[WHAT THE TASK REQUIRES]: Return every record below exactly.

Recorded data
+---+
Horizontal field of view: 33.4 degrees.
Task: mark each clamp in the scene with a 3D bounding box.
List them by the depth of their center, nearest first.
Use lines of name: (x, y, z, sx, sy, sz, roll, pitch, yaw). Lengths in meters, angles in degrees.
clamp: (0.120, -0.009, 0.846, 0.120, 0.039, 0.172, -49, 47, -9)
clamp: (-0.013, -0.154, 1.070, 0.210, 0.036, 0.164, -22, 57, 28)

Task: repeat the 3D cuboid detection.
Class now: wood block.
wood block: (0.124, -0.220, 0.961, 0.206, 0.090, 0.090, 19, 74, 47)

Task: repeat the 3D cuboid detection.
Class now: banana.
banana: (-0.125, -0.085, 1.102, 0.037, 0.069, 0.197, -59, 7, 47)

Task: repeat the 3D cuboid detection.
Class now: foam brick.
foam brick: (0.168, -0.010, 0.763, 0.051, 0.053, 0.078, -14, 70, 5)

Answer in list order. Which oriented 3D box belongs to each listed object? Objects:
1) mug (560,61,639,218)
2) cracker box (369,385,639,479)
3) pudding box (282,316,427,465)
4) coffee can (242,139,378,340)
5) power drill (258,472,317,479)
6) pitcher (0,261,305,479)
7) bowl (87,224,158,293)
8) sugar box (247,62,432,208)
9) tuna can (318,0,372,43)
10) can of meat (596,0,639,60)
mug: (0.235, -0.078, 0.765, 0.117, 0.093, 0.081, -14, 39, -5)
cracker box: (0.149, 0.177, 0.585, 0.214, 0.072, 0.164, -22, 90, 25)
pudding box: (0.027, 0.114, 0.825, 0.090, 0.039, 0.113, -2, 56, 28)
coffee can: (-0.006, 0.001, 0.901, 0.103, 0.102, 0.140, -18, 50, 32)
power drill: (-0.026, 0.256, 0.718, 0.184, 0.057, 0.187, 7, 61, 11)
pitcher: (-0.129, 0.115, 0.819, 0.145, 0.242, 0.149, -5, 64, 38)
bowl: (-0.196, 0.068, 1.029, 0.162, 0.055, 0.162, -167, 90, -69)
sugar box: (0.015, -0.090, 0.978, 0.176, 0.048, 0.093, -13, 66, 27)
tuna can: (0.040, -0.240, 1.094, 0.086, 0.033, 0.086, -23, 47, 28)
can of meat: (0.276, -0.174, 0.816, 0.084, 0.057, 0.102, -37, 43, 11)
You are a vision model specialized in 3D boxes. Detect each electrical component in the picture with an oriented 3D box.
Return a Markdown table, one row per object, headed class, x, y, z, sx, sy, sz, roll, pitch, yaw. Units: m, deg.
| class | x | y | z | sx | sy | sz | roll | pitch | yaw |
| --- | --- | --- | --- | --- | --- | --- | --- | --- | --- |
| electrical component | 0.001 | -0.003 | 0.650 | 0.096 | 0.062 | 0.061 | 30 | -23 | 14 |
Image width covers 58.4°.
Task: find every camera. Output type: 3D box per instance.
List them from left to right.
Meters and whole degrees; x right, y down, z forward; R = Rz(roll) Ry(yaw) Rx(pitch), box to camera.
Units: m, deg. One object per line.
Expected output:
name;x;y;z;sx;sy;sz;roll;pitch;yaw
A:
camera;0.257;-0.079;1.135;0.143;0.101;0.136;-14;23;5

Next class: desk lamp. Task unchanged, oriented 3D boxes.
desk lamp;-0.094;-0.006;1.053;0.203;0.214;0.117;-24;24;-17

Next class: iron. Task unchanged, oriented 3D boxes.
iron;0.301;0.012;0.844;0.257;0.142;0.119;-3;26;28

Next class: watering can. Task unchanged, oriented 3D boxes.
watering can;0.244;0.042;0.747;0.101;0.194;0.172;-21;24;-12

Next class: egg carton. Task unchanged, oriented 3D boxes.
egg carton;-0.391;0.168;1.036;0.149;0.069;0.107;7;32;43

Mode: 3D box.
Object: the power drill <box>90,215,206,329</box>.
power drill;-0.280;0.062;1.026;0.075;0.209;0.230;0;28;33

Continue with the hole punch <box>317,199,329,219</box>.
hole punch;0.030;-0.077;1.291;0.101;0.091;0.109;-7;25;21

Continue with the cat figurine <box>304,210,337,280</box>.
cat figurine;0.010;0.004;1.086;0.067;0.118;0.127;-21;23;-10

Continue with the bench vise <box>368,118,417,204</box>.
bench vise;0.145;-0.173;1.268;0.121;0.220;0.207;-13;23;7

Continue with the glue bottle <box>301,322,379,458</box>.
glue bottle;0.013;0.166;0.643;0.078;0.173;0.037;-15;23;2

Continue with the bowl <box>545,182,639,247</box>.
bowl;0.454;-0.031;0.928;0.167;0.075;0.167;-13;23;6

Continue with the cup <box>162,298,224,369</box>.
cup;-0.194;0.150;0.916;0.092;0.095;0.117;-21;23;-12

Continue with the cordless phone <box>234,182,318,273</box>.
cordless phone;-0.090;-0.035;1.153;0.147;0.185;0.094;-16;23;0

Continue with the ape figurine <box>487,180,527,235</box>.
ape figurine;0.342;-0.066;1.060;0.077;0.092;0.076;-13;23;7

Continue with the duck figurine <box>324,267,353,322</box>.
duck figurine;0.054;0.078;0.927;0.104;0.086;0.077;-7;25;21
+---+
[ANSWER BOX]:
Horizontal field of view: 33.4 degrees.
Task: mark each clamp in the scene with a 3D bounding box.
List them by the depth of their center, nearest first.
Use lines of name: (x, y, z, sx, sy, sz, roll, pitch, yaw). Lengths in meters, angles in degrees.
clamp: (0.120, -0.009, 0.846, 0.120, 0.039, 0.172, -49, 47, -9)
clamp: (-0.013, -0.154, 1.070, 0.210, 0.036, 0.164, -22, 57, 28)

Task: repeat the 3D cuboid detection.
Class now: wood block.
wood block: (0.124, -0.220, 0.961, 0.206, 0.090, 0.090, 19, 74, 47)

Task: repeat the 3D cuboid detection.
Class now: banana.
banana: (-0.125, -0.085, 1.102, 0.037, 0.069, 0.197, -59, 7, 47)

Task: repeat the 3D cuboid detection.
Class now: foam brick.
foam brick: (0.168, -0.010, 0.763, 0.051, 0.053, 0.078, -14, 70, 5)

Answer in list order. Which oriented 3D box belongs to each listed object? Objects:
1) mug (560,61,639,218)
2) cracker box (369,385,639,479)
3) pudding box (282,316,427,465)
4) coffee can (242,139,378,340)
5) power drill (258,472,317,479)
6) pitcher (0,261,305,479)
7) bowl (87,224,158,293)
8) sugar box (247,62,432,208)
9) tuna can (318,0,372,43)
10) can of meat (596,0,639,60)
mug: (0.235, -0.078, 0.765, 0.117, 0.093, 0.081, -14, 39, -5)
cracker box: (0.149, 0.177, 0.585, 0.214, 0.072, 0.164, -22, 90, 25)
pudding box: (0.027, 0.114, 0.825, 0.090, 0.039, 0.113, -2, 56, 28)
coffee can: (-0.006, 0.001, 0.901, 0.103, 0.102, 0.140, -18, 50, 32)
power drill: (-0.026, 0.256, 0.718, 0.184, 0.057, 0.187, 7, 61, 11)
pitcher: (-0.129, 0.115, 0.819, 0.145, 0.242, 0.149, -5, 64, 38)
bowl: (-0.196, 0.068, 1.029, 0.162, 0.055, 0.162, -167, 90, -69)
sugar box: (0.015, -0.090, 0.978, 0.176, 0.048, 0.093, -13, 66, 27)
tuna can: (0.040, -0.240, 1.094, 0.086, 0.033, 0.086, -23, 47, 28)
can of meat: (0.276, -0.174, 0.816, 0.084, 0.057, 0.102, -37, 43, 11)
You are a vision model specialized in 3D boxes. Detect each electrical component in the picture with an oriented 3D box.
Return a Markdown table, one row per object, headed class, x, y, z, sx, sy, sz, roll, pitch, yaw. Units: m, deg.
| class | x | y | z | sx | sy | sz | roll | pitch | yaw |
| --- | --- | --- | --- | --- | --- | --- | --- | --- | --- |
| electrical component | 0.001 | -0.003 | 0.650 | 0.096 | 0.062 | 0.061 | 30 | -23 | 14 |
Image width covers 58.4°.
Task: find every camera. Output type: 3D box per instance.
List them from left to right.
Meters and whole degrees; x right, y down, z forward; R = Rz(roll) Ry(yaw) Rx(pitch), box to camera.
Units: m, deg. One object per line.
Expected output:
name;x;y;z;sx;sy;sz;roll;pitch;yaw
A:
camera;0.257;-0.079;1.135;0.143;0.101;0.136;-14;23;5

Next class: desk lamp. Task unchanged, oriented 3D boxes.
desk lamp;-0.094;-0.006;1.053;0.203;0.214;0.117;-24;24;-17

Next class: iron. Task unchanged, oriented 3D boxes.
iron;0.301;0.012;0.844;0.257;0.142;0.119;-3;26;28

Next class: watering can. Task unchanged, oriented 3D boxes.
watering can;0.244;0.042;0.747;0.101;0.194;0.172;-21;24;-12

Next class: egg carton. Task unchanged, oriented 3D boxes.
egg carton;-0.391;0.168;1.036;0.149;0.069;0.107;7;32;43

Mode: 3D box.
Object: the power drill <box>90,215,206,329</box>.
power drill;-0.280;0.062;1.026;0.075;0.209;0.230;0;28;33

Continue with the hole punch <box>317,199,329,219</box>.
hole punch;0.030;-0.077;1.291;0.101;0.091;0.109;-7;25;21

Continue with the cat figurine <box>304,210,337,280</box>.
cat figurine;0.010;0.004;1.086;0.067;0.118;0.127;-21;23;-10

Continue with the bench vise <box>368,118,417,204</box>.
bench vise;0.145;-0.173;1.268;0.121;0.220;0.207;-13;23;7

Continue with the glue bottle <box>301,322,379,458</box>.
glue bottle;0.013;0.166;0.643;0.078;0.173;0.037;-15;23;2

Continue with the bowl <box>545,182,639,247</box>.
bowl;0.454;-0.031;0.928;0.167;0.075;0.167;-13;23;6

Continue with the cup <box>162,298,224,369</box>.
cup;-0.194;0.150;0.916;0.092;0.095;0.117;-21;23;-12

Continue with the cordless phone <box>234,182,318,273</box>.
cordless phone;-0.090;-0.035;1.153;0.147;0.185;0.094;-16;23;0

Continue with the ape figurine <box>487,180,527,235</box>.
ape figurine;0.342;-0.066;1.060;0.077;0.092;0.076;-13;23;7

Continue with the duck figurine <box>324,267,353,322</box>.
duck figurine;0.054;0.078;0.927;0.104;0.086;0.077;-7;25;21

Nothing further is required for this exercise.